Finance Minister Camilo Gonsalves said that the financial institutions operating here were “ripping off Vincentians in the use of ATM cards” and his ministry is still gathering data on the issue.

Finance Minister Camillo Gonsalves

Gonsalves said he also intend to meet with bank officials to discuss the situation.

“But if the conversation doesn’t yield results, we will have to go to a legislative route in this regard and I just want to alert the public and the banks on this particular issue,” he told reporters.

Gonsalves said that the charges run the gamut from “acceptable to unacceptable and I have been gathering information on these issues and the information shocks the conscience”.

He said St. Vincent and the Grenadines is “the most cash-dependent nation in the Caribbean” and that the island has ‘fewer ATM machines, fewer bank branches, fewer credit cards, fewer digital points of sale than our neighbouring countries”.

He said earlier this year he had held “quiet’ talks with the banks on the ATM issue and that among his inquiries were the small numbers of ATMs and why are there so many places that only take cash or cheque payments.

He said the banks informed that it is “something peculiar about the Vincentian psyche, that Vincentians want to come in with their cheque book and they want to fill out the forms and so on, they want somebody to write on their little stubs and so on.”

But the finance minister said he rejected that argument.

“I don’t accept that we are so different from Grenadians or St. Lucians or Bajans or Antiguans that we feel a need to stand up in a bank line. I am sure that people will be happy to use ATMs and I encouraged them at the time to increase the number of ATMs and to make it more easy for people to get their money without going into a bank.”

Gonsalves said that ober the past few weeks people have been sharing with him screenshots showing a bank charging as much as two per cent of the value of a withdrawal if it is done at another bank’s ATM.

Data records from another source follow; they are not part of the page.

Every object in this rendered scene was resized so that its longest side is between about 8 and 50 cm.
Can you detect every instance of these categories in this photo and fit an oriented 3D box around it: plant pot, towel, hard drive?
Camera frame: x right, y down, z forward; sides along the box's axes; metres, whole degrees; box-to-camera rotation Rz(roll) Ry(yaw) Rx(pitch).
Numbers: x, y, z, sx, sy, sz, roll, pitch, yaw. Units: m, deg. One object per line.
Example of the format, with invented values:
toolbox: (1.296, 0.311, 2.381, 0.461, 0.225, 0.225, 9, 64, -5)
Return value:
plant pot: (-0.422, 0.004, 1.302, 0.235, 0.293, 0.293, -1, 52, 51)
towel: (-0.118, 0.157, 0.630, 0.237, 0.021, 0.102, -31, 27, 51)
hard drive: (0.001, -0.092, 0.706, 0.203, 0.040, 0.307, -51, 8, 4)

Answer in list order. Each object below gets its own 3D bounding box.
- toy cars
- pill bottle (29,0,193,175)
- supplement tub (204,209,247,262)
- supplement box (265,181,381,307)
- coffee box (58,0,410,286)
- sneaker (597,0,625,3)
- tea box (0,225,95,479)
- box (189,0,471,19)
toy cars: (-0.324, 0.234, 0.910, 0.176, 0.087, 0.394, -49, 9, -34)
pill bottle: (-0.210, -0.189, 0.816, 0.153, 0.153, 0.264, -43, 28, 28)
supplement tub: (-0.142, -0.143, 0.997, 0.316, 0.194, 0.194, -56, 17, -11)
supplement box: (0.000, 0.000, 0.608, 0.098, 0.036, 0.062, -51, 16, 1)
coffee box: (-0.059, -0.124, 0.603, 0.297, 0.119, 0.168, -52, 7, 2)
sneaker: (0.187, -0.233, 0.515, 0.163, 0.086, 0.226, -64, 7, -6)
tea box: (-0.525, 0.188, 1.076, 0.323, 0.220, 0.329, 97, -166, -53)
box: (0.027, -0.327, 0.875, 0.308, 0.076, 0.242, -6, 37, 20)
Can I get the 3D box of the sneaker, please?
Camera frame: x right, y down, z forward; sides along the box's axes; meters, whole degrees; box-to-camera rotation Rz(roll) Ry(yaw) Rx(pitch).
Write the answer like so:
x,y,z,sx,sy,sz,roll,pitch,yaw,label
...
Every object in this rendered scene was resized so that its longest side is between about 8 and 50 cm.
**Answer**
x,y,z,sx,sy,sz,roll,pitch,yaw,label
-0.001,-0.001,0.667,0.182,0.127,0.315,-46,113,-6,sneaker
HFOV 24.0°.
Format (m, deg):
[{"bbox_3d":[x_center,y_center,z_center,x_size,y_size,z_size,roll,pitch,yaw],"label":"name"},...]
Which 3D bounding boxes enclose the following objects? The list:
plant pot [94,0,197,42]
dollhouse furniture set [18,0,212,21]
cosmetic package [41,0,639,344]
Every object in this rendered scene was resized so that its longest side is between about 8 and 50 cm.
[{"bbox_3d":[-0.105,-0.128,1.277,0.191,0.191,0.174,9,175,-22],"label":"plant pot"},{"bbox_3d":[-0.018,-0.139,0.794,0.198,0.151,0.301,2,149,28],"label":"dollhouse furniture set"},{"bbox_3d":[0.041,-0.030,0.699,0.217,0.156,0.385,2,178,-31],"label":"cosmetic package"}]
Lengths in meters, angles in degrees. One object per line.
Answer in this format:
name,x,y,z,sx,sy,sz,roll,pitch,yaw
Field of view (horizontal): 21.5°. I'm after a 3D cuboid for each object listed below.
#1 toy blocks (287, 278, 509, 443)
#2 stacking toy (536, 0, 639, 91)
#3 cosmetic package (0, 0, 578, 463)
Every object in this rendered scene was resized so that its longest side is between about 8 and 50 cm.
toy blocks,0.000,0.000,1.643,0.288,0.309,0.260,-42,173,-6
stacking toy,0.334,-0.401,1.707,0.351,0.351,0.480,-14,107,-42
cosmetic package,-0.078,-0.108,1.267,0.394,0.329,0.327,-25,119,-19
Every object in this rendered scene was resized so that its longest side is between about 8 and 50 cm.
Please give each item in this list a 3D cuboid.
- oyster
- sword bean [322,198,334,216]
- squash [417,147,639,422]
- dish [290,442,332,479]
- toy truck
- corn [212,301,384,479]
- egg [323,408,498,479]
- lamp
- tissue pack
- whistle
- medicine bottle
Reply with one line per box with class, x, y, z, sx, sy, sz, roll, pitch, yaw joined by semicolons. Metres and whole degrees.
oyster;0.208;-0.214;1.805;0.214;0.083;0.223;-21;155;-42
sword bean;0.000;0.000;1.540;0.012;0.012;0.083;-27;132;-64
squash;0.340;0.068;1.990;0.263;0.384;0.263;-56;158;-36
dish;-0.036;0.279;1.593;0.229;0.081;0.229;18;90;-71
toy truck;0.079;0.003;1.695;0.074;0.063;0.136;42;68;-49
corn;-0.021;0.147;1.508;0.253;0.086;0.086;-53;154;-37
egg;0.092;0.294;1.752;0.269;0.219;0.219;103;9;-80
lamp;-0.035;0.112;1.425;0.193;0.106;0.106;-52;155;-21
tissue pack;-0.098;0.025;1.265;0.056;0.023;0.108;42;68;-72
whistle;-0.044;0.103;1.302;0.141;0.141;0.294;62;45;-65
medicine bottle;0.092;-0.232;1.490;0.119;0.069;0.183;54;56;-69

He said in one instance, a customer was charged in excess of EC$50 (One EC dollar=US$0.37 cents) for an EC$2,000 withdrawal, because the ATM used did not belong to the bank to which the customer belonged.

“So two per cent of $2,000 is $40 plus another eight dollars … plus another eight dollars You are up to $56 to take your own money out of your account. That can’t be right. It can’t be right.

“And the idea that you have to charge someone a percentage of what they are withdrawing certainly shocks my conscience. It’s one thing to say there is a fixed fee… people will find an equilibrium; they will decide what they are comfortable with but to charge someone a percentage of what they are withdrawing and such a high percentage is shocking,” Gonsalves said, adding that the modus operandi of banks is to charge people “a whole set of fees”.

Gonsalves said he had also discussed the issues with the Governor of the Eastern Caribbean Central Bank (ECCB) Timothy Antoine.

“I am still compiling the data. Not all of the banks have responded to me but I have sent a questionnaire to all of the banks and from the credit union to the banks themselves, and they have been sending me what they do. And none of what they do now is currently illegal but we will have to make it so if we cannot have a useful and productive conversation with the banks.

“I hope that people can vote with their feet. If one bank is out of whack in terms of fees, hopefully, customers would migrate to another bank, but, at the same time, some of these fees are very high and the promises that were made to the Ministry of Finance at the beginning of the year about increasing the number of ATM access points around the country, there have been no ATM machines added in the nine months since we had that conversation — not one,” Gonsalves told reporters.